Active ingredient: Hydrogen peroxide, carbamide peroxide (organic molecule that releases hydrogen peroxide and urea; 10% is equivalent to 3.5% hydrogen peroxide), sodium perborate (monohydrate, trihydrate and tetrahydrate mixed with hydrogen peroxide) and calcium oxide.

Mechanism of action: oxidation of the double bonds of the chromophores conjugated chains (chemically stable long chain organic molecules) absorbed by the dental hard tissues (enamel and dentin) with subsequent brightness increase and chrome reduction. More specifically, hydrogen peroxide releases HO2(peroxide anion) and free radicals, responsible for the chromogenic molecules destruction; carbamide peroxide in aqueous solution releases hydrogen peroxide and urea, able to denaturise dental tissues’ organic matrix proteins.

Adverse reactions

1. Temporary low/moderate increase in dental sensitivity found during and after the treatment in 2/3 of the patients who underwent vital teeth bleaching, due to a reversible pulpitis caused by the whitening agent and amplified by dental dehydration. It can be treated using topical fluoride prophylaxis (dentinal tubules occlusion and dentinal fluid reduction) or applying potassium nitrate that has an analgesic effect on the transmission of the nervous impulses.

2. Enamel microhardness reduction: the enamel exposed to the whitening agents presents a clinically non relevant reduction of its microhardness which spontaneously recovers after contact with saliva (saliva electrolytes). Studies on 10% carbamide peroxide have demonstrated that applying whitening agents on the enamel surface causes local microstructural modifications similar to those present in the initial stages of caries and that the amount of calcium ions lost by the enamel is around 1mcg/ mm2 – a neglectable amount from the clinical point of view.

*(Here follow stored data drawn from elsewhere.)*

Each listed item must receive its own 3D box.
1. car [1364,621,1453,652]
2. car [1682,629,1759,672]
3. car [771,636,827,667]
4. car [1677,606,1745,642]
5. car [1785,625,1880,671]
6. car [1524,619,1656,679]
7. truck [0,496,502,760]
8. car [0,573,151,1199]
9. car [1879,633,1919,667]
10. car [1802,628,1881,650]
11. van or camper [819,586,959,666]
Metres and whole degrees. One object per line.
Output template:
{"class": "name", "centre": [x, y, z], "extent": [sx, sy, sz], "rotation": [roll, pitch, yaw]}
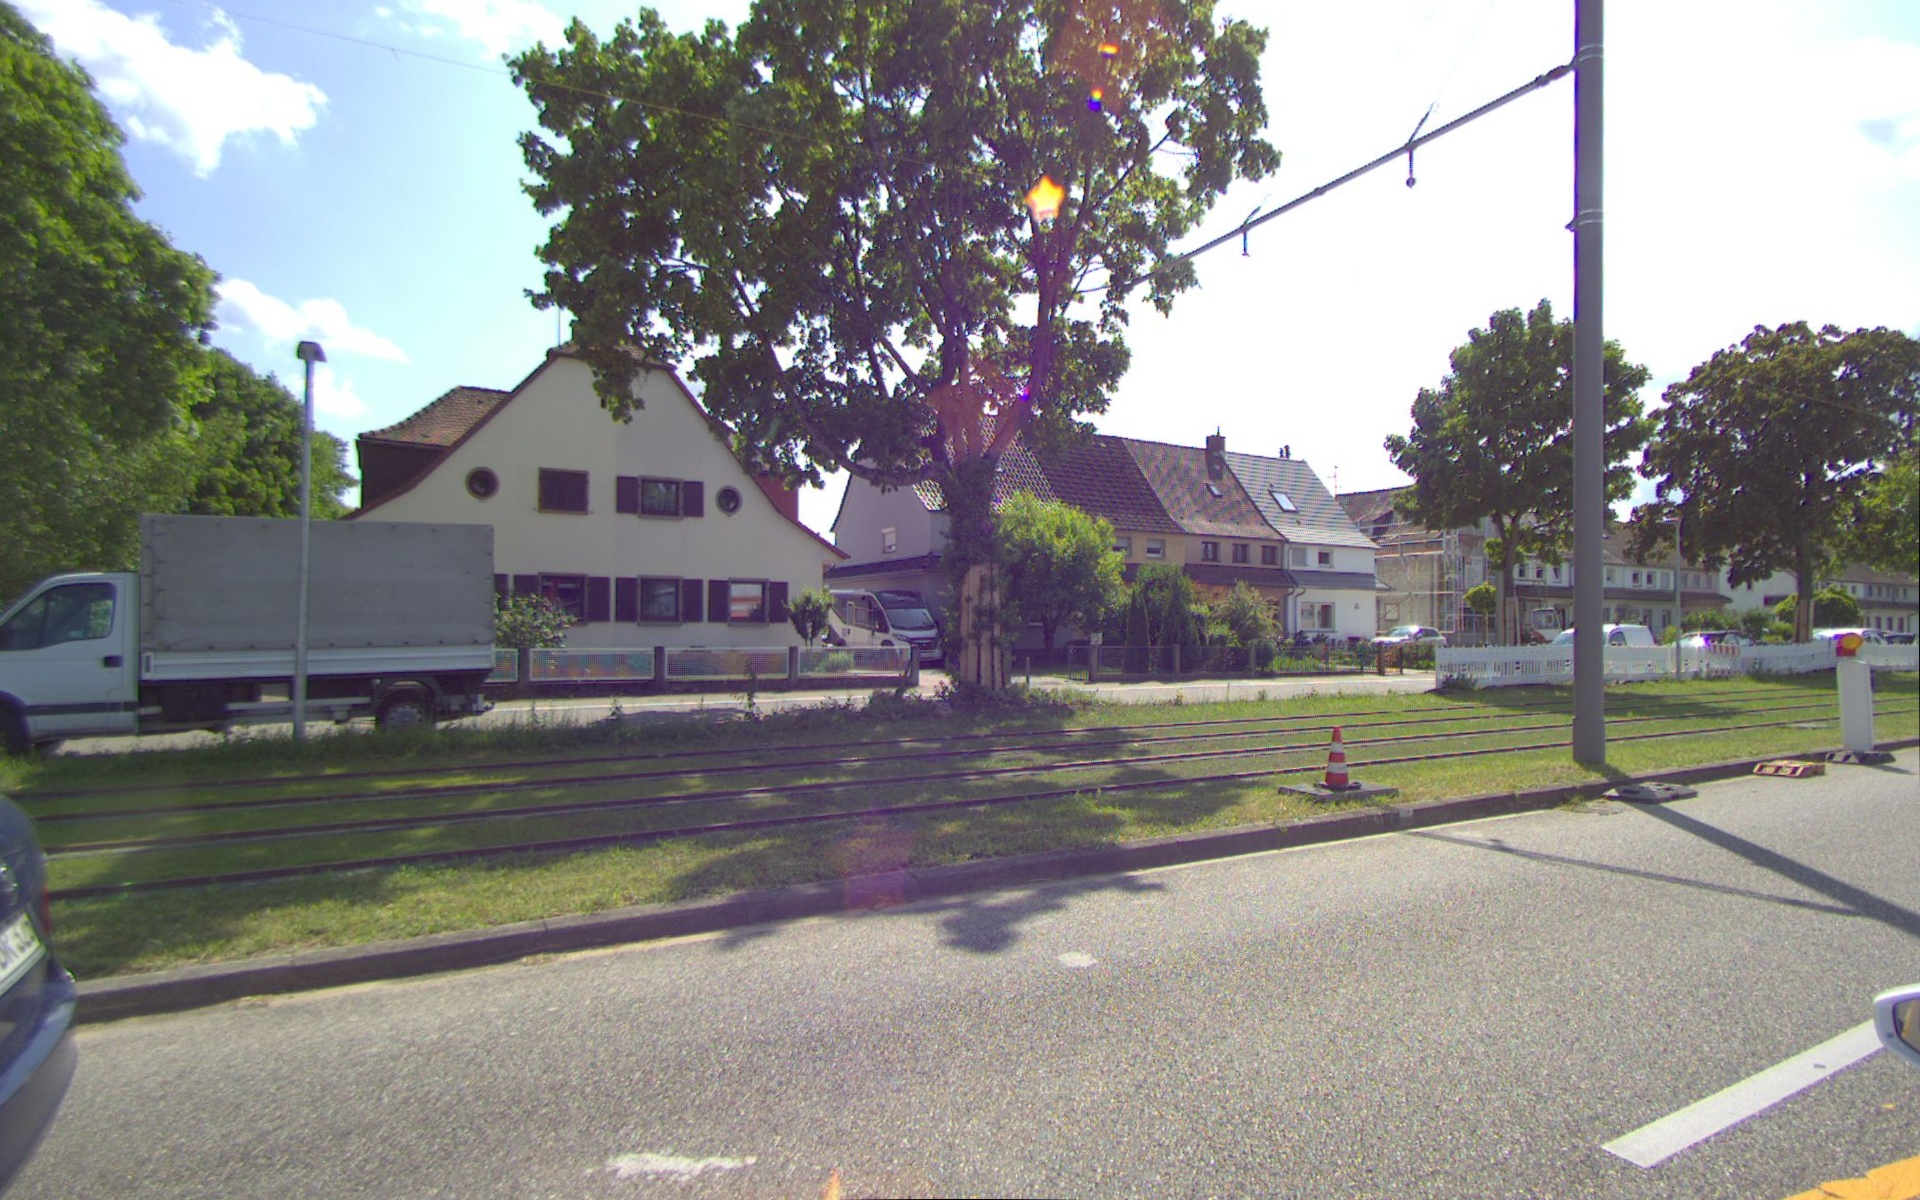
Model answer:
{"class": "car", "centre": [19.720, 1.628, 44.119], "extent": [4.072, 1.291, 1.527], "rotation": [2, -3, -31]}
{"class": "car", "centre": [25.013, 1.664, 33.025], "extent": [2.417, 1.365, 1.069], "rotation": [2, -3, -27]}
{"class": "car", "centre": [-6.946, 2.211, 43.301], "extent": [1.330, 1.189, 2.846], "rotation": [2, 0, -33]}
{"class": "car", "centre": [46.036, 1.482, 61.566], "extent": [3.954, 2.040, 1.983], "rotation": [2, 0, -31]}
{"class": "car", "centre": [33.340, 1.831, 38.368], "extent": [3.854, 1.673, 1.615], "rotation": [2, -3, -31]}
{"class": "car", "centre": [18.395, 1.439, 29.299], "extent": [3.954, 1.647, 1.645], "rotation": [2, -3, -31]}
{"class": "truck", "centre": [-9.228, 0.348, 12.862], "extent": [5.882, 2.842, 2.353], "rotation": [2, 0, -30]}
{"class": "car", "centre": [-3.730, 0.681, 0.856], "extent": [4.484, 1.506, 1.703], "rotation": [1, -3, -31]}
{"class": "car", "centre": [39.942, 2.106, 42.044], "extent": [3.078, 1.395, 1.344], "rotation": [2, -3, -31]}
{"class": "car", "centre": [63.802, 2.824, 72.746], "extent": [1.706, 1.529, 3.966], "rotation": [1, -2, -31]}
{"class": "van or camper", "centre": [-2.731, 0.871, 36.679], "extent": [2.471, 2.667, 6.300], "rotation": [2, 0, -31]}

3. Soft tissues irritation: concentration greater than or equal to 10% hydrogen peroxide can cause cellular damage, gingival ulceration and mucosa and skin burning. It is clinically possible to observe an initial reddish area leaving the place to a light coloured lesion that tends to heal rapidly without leaving any permanent harm. Soft tissues protection is thus mandatory.

4. Taste alteration. The patient may report the presence of a metallic taste after the whitening for several hours.

5. Intrapulpal temperature increase. A significant variation of the temperature, associated with a photothermal effect and possible pulp damage, is observed in the course of the bleaching treatment using hydrogen peroxide when activation sources (halogen lights, LED, laser) are used to speed up the process. Light sources increase hydrogen peroxide decomposition and thus the release of free radicals able to oxidise the dark pigments. Heat-producing activation sources may determine expansion of dentinal tubules fluid, causing pulp hyperemia and post-whitening hypersensitivity. Heat induces a more pronounced teeth dehydration and, subsequently, an increased post-whitening hypersensitivity. The free radicals chemical action, moreover, can make the pulp tissues damage worse.

6. Alteration of the composite fillings superficial texture and of the enamel-composite interface: a study on dental elements affected by Black class V carious lesions restored with composite and subsequently treated with 35% hydrogen peroxide (seven 30 min. treatments) proved that whitening determines alterations in the teeth surface topography with prevalence of depression areas that facilitate plaque build-up and increase the risk of caries and periodontal disease. The enamel-composite interface, analysed with the help of profilometric analysis and SEM, on the contrary, shows no alteration after the whitening treatment.

7. Cervical resorption associated with non-vital tooth bleaching in the case a correct isolation is not set up.


Fluoride-based whitening products

The whitening power of fluoride fortified products does not seem to be compromised in respect to traditional products, nor post-whitening fluoride prophylaxis is able to negate the treatment itself. Remineralisation of the enamel treated with whitening agents happens more rapidly and the loss of hard substance is inferior; therefore the teeth exposed to fluoride-based whitening show more resistance to acid dissolution (caries) than non-whitened teeth. The topic preliminary application of fluoride-based varnishes can, by itself, reduce dentin dehydration during the whitening process and the subsequent hypersensitivity.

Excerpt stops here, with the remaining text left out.